-- Opening Marker --

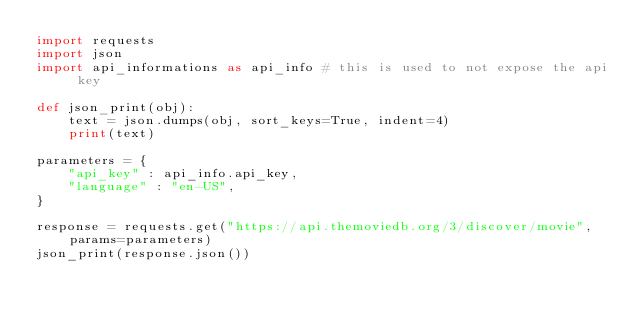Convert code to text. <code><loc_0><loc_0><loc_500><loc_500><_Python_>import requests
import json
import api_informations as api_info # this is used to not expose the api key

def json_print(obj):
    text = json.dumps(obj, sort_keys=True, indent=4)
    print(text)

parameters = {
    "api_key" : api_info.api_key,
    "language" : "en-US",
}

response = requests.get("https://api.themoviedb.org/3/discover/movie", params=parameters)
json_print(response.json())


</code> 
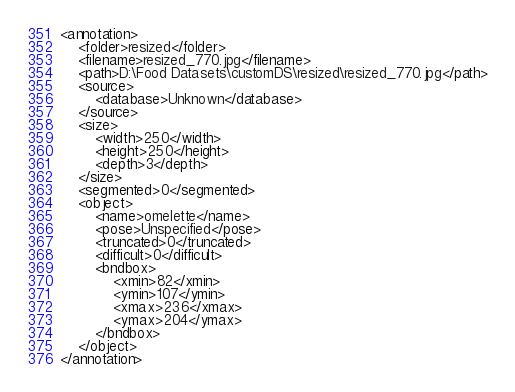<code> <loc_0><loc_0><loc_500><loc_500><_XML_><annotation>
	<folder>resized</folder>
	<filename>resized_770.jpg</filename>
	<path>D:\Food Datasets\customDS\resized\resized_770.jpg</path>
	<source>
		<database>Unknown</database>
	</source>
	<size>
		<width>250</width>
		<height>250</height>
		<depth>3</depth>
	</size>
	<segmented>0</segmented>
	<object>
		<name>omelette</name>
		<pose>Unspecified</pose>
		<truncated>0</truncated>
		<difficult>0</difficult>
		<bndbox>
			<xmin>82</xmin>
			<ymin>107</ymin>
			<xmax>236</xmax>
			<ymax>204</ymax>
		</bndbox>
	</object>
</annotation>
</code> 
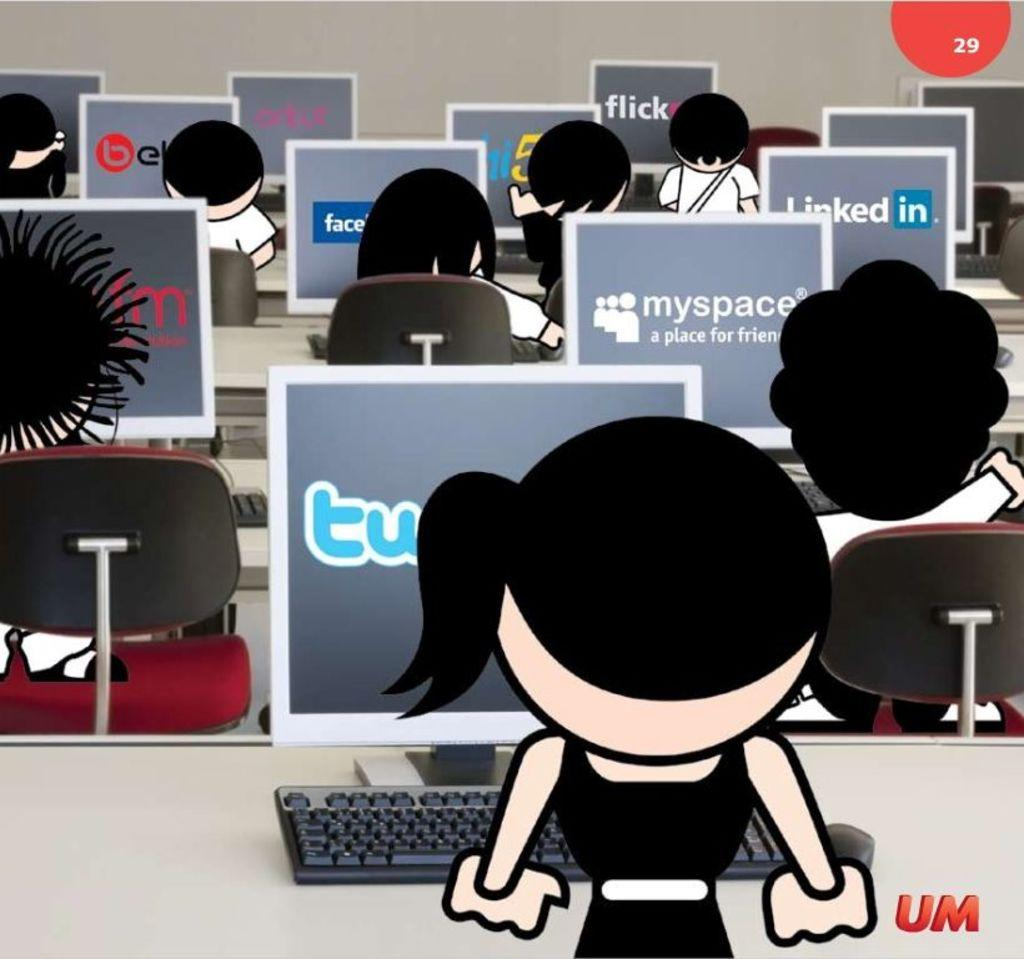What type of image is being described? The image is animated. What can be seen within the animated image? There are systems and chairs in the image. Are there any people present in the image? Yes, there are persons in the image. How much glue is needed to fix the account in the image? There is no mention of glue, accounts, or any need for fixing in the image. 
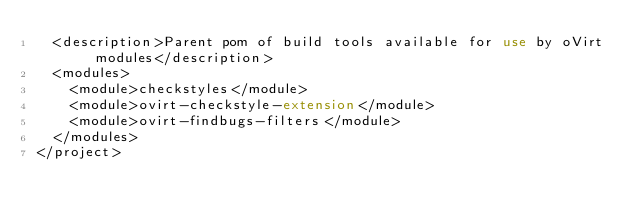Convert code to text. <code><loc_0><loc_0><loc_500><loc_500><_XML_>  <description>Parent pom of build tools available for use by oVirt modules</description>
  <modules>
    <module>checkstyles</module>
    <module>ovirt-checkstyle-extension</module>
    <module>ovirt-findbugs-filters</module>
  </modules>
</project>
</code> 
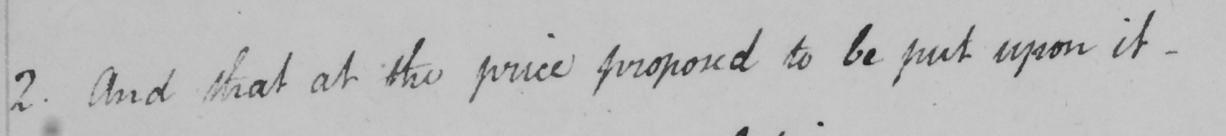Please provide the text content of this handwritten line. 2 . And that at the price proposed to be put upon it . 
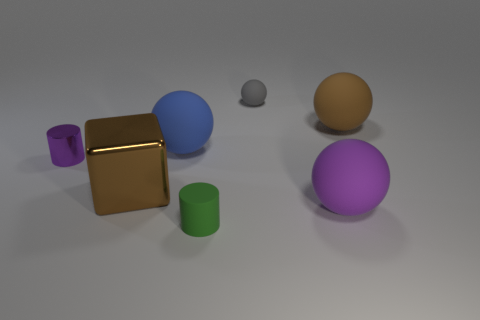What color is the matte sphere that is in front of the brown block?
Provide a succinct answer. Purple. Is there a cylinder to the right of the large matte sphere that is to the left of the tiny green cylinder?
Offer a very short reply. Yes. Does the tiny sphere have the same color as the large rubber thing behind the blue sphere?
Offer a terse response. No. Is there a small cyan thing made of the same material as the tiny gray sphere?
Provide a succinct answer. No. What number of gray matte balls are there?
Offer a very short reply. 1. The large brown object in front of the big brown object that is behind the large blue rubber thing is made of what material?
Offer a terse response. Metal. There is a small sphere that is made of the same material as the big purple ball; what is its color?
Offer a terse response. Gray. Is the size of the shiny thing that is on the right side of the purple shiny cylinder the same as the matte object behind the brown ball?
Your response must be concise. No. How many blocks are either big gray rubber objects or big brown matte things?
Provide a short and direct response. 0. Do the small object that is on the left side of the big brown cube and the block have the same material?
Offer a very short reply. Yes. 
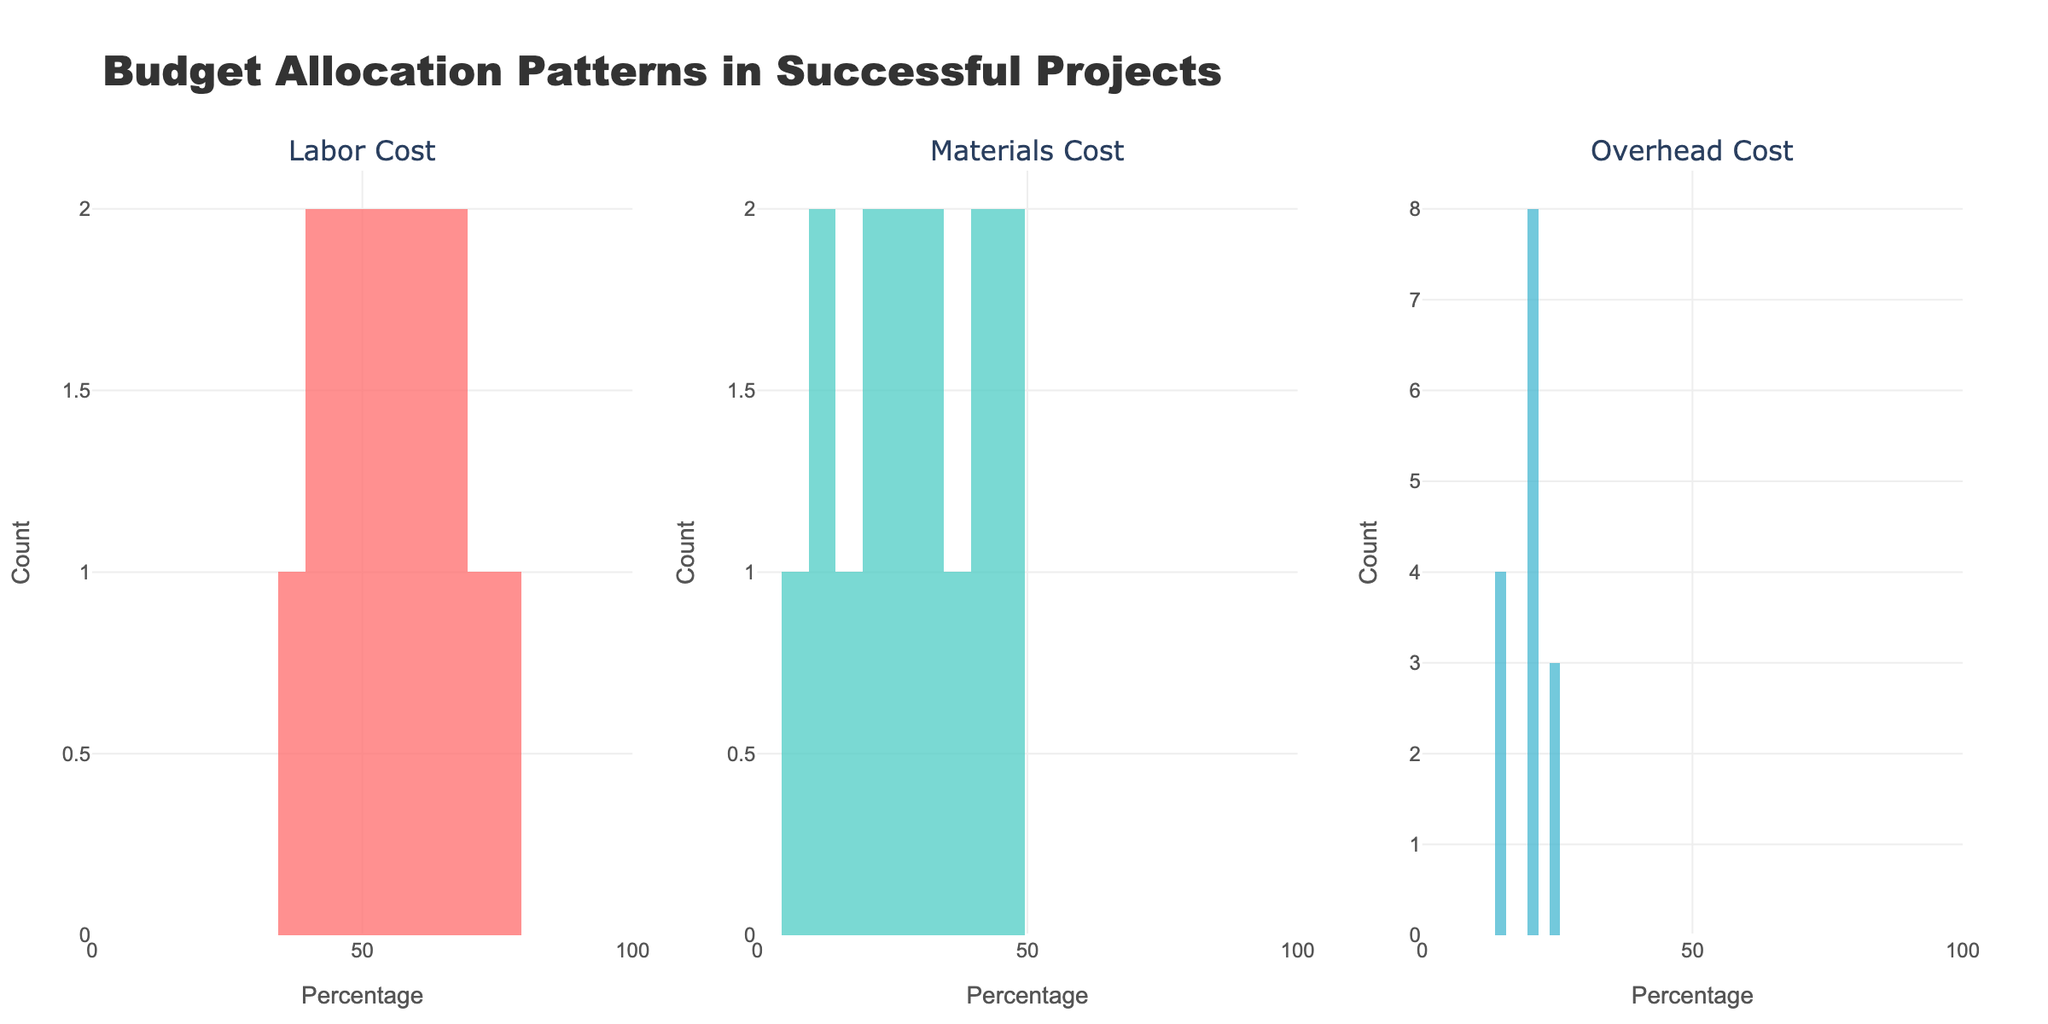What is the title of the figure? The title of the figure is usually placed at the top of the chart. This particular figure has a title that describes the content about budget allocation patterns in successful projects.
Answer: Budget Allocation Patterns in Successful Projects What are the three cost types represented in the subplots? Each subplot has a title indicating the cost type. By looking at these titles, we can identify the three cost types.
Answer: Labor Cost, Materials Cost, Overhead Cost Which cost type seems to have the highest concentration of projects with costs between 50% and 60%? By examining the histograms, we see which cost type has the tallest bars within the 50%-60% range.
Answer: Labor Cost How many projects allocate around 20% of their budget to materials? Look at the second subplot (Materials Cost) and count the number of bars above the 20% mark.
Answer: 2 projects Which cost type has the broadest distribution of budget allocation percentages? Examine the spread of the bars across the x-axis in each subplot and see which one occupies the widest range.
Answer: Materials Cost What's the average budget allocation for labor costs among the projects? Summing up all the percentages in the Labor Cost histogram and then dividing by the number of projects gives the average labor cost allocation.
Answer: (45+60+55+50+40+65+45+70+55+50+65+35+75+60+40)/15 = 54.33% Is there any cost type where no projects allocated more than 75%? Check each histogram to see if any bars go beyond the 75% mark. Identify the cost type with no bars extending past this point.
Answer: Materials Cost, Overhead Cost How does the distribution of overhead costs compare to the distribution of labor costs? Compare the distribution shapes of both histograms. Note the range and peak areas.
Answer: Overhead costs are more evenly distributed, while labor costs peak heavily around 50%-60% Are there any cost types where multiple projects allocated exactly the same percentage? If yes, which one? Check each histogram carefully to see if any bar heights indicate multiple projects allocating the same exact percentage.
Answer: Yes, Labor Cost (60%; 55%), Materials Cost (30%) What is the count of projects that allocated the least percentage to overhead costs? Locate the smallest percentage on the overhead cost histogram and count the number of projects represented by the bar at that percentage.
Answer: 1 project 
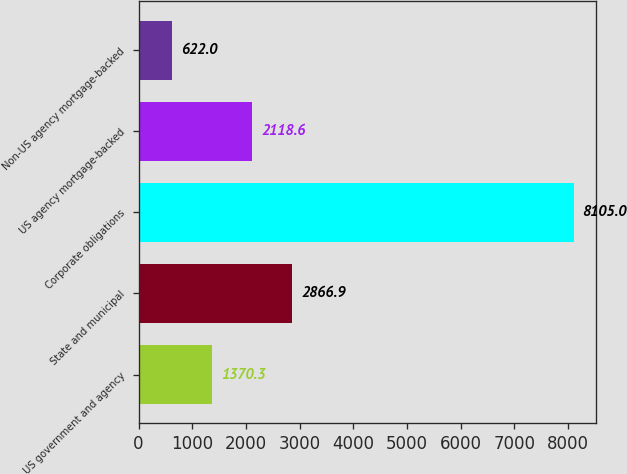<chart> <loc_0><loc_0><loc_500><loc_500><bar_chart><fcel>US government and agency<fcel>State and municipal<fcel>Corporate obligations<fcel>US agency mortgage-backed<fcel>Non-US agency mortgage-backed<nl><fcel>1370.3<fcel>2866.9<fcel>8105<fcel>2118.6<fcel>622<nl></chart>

-- Closing Marker --

- What is expected -
Your answer should consist of the lines above that hold the word "side".

- Your solution -
Offer a terse response. Gray. Is the size of the shiny thing that is on the right side of the purple shiny cylinder the same as the matte object behind the brown ball?
Provide a short and direct response. 0. Do the small object that is on the left side of the big brown cube and the block have the same material?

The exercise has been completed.